Trials / Completed
CompletedNCT05954013
Advance Care Planning and Care Coordination for People With Parkinson's Disease
Evaluating the Clinical and Cost-effectiveness of a Combined Person-centred Intervention of Advance Care Planning (ACP) and Care Coordination for People With Parkinson's Disease and Their Family Caregiver(s)
- Status
- Completed
- Phase
- N/A
- Study type
- Interventional
- Enrollment
- 189 (actual)
- Sponsor
- Radboud University Medical Center · Academic / Other
- Sex
- All
- Age
- —
- Healthy volunteers
- Accepted
Summary
Background: People with Parkinson's disease (PD), including parkinsonisms, experience complex motor and non-motor symptoms, which become more hindering in the advanced stages of PD. Advance care planning (ACP) enables individuals to define goals and preferences for future medical treatment and serves to ensure that people receive treatment and care that is in line with their preferences during serious chronic illness. The effectiveness of ACP for PD is currently unknown. Methods: The investigators will evaluate the effectiveness of a multicenter, open-label randomized controlled trial, with a parallel group design in seven European countries (Austria, Estonia, Germany, Greece, Italy, Sweden and United Kingdom).
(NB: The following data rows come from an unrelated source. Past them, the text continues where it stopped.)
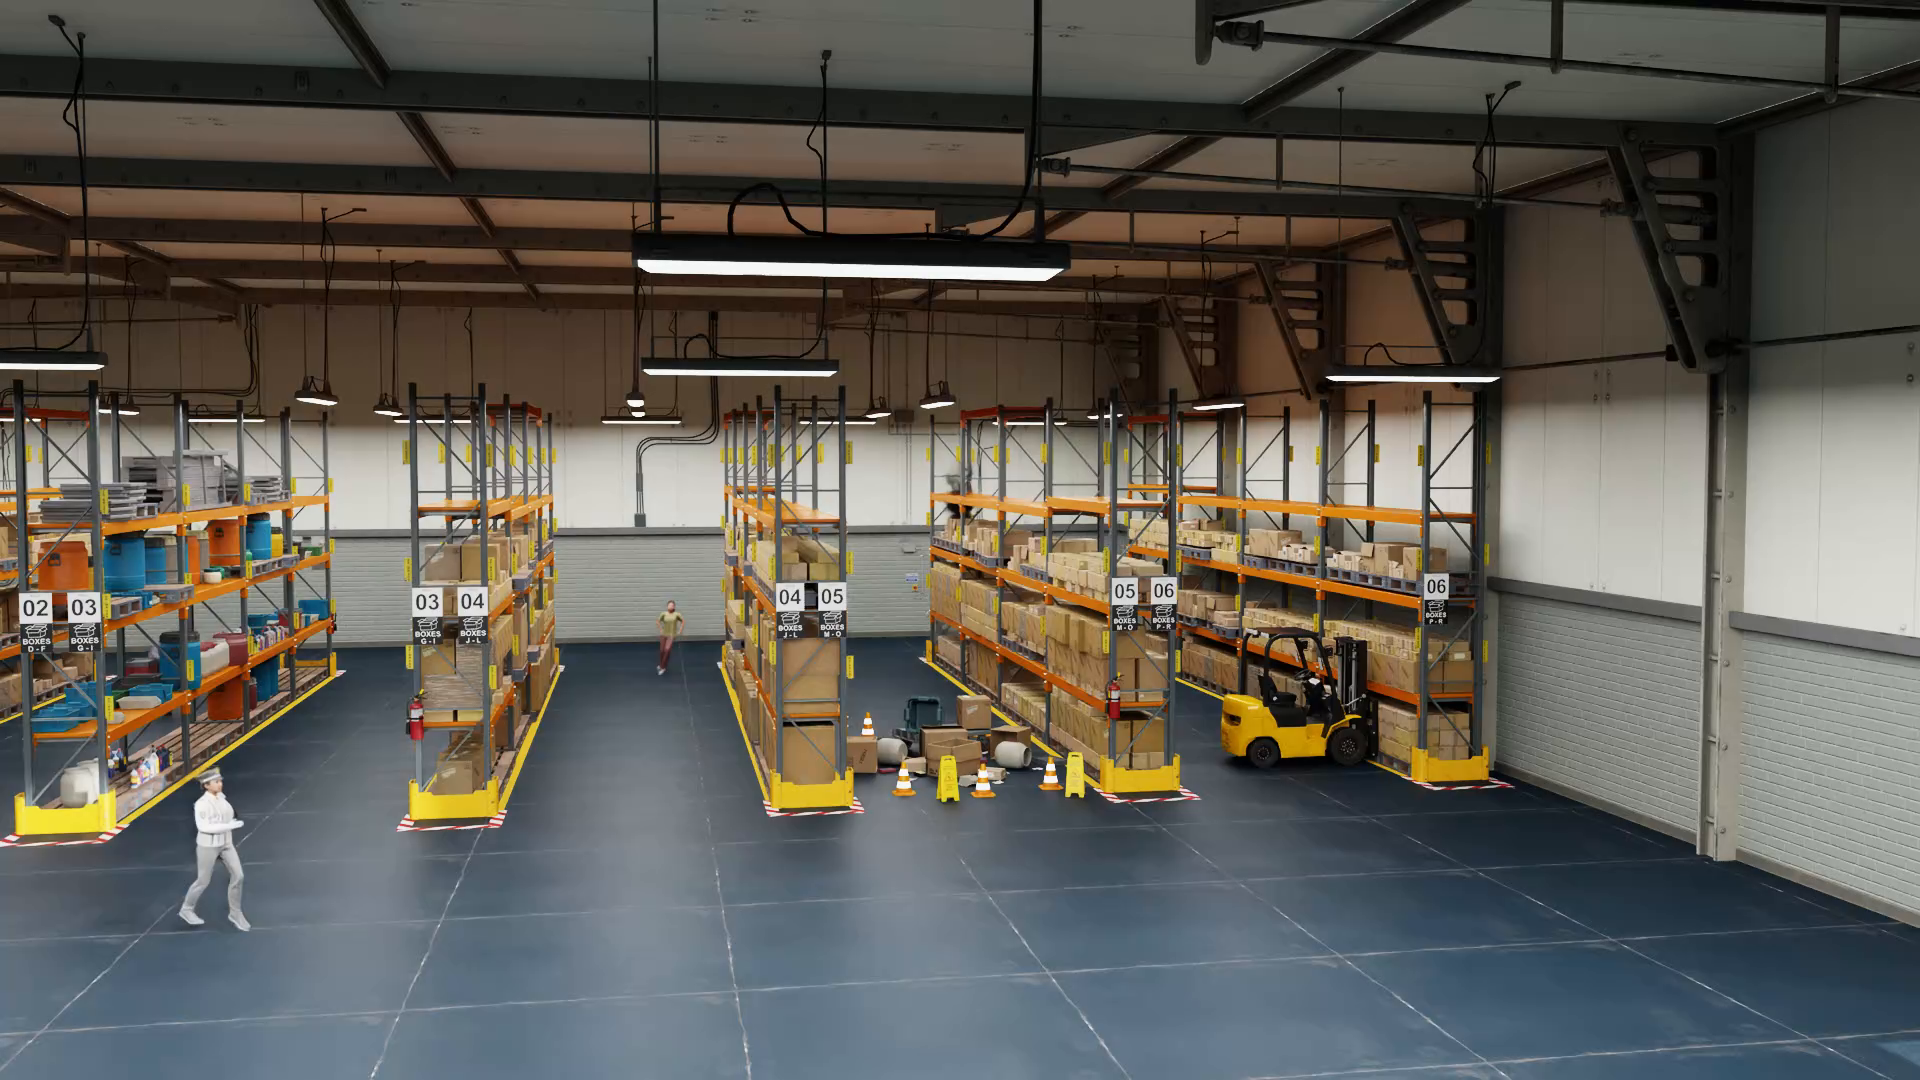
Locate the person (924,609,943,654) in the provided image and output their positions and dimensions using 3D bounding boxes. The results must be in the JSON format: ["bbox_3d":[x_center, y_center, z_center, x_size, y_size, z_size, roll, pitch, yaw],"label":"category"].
[{"bbox_3d":[-0.543,2.076,41.789,0.795,1.693,0.616,0,3,4],"label":"person"}]

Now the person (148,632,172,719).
[{"bbox_3d":[-15.190,2.582,31.723,0.663,1.642,0.593,0,3,-8],"label":"person"}]

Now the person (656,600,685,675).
[{"bbox_3d":[-6.713,2.234,38.342,0.648,1.687,0.829,0,3,4],"label":"person"}]

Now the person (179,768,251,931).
[{"bbox_3d":[-7.871,3.258,17.520,0.772,1.747,0.583,1,3,15],"label":"person"}]

The "PD\_Pal intervention" comprises (1) several consultations with a trained nurse who will perform ACP conversations and support care coordination and (2) use of a patient-directed "Parkinson Support Plan-workbook". The intervention group will be compared to a care-as-usual group. Documented ACP-decisions in the medical records/patient's central file assessed at 6 months after baseline will be the primary endpoint. Secondary endpoints include patients' and family caregivers' quality of life, perceived care coordination, patients' symptom burden, and cost-effectiveness. Assessments will take place at baseline, 6 months after baseline and 12 months after baseline. In parallel, we will perform a process evaluation, to understand the feasibility of the intervention. Hypothesis: The investigators hypothesize that the PD\_Pal intervention will result in an increased number of participants with ACP documentation in the medical records/patient's central file, as compared to care-as-usual. Secondly, the investigators expect that, due to the PD\_Pal intervention, patients and their FC will experience better care coordination, better quality of life, a reduced patient symptom burden and the FC will experience a reduction in caregiver burden.
Conditions
Interventions
| Type | Name | Description |
|---|---|---|
| BEHAVIORAL | PD_Pal intervention | The PD\_Pal intervention will be delivered by a nurse that is specifically trained to deliver the PD\_Pal intervention, i.e. the PD\_Pal nurse. In the PD\_Pal intervention, the patient, family caregiver and PD\_Pal nurse complete four steps wherein they discuss and compose a: 1) Individual care plan; 2) Proactive care plan; 3) Quality of life and end-of-life plan and; 4) Coordination and revision plan. Together these steps lead to the Parkinson Support Plan. To facilitate patients in taking these steps, all patients receive a Parkinson Support Plan workbook. This workbook consists of information and questions aligned with the four steps. Patients can utilize this workbook before, during, or after the conversations with the PD\_Pal nurse. |
Timeline
- Start date
- 2020-08-06
- Primary completion
- 2023-03-17
- Completion
- 2023-03-17
- First posted
- 2023-07-20
- Last updated
- 2023-07-20
Locations
7 sites across 7 countries: Austria, Estonia, Germany, Greece, Italy, Sweden, United Kingdom
Source: ClinicalTrials.gov record NCT05954013. Inclusion in this directory is not an endorsement.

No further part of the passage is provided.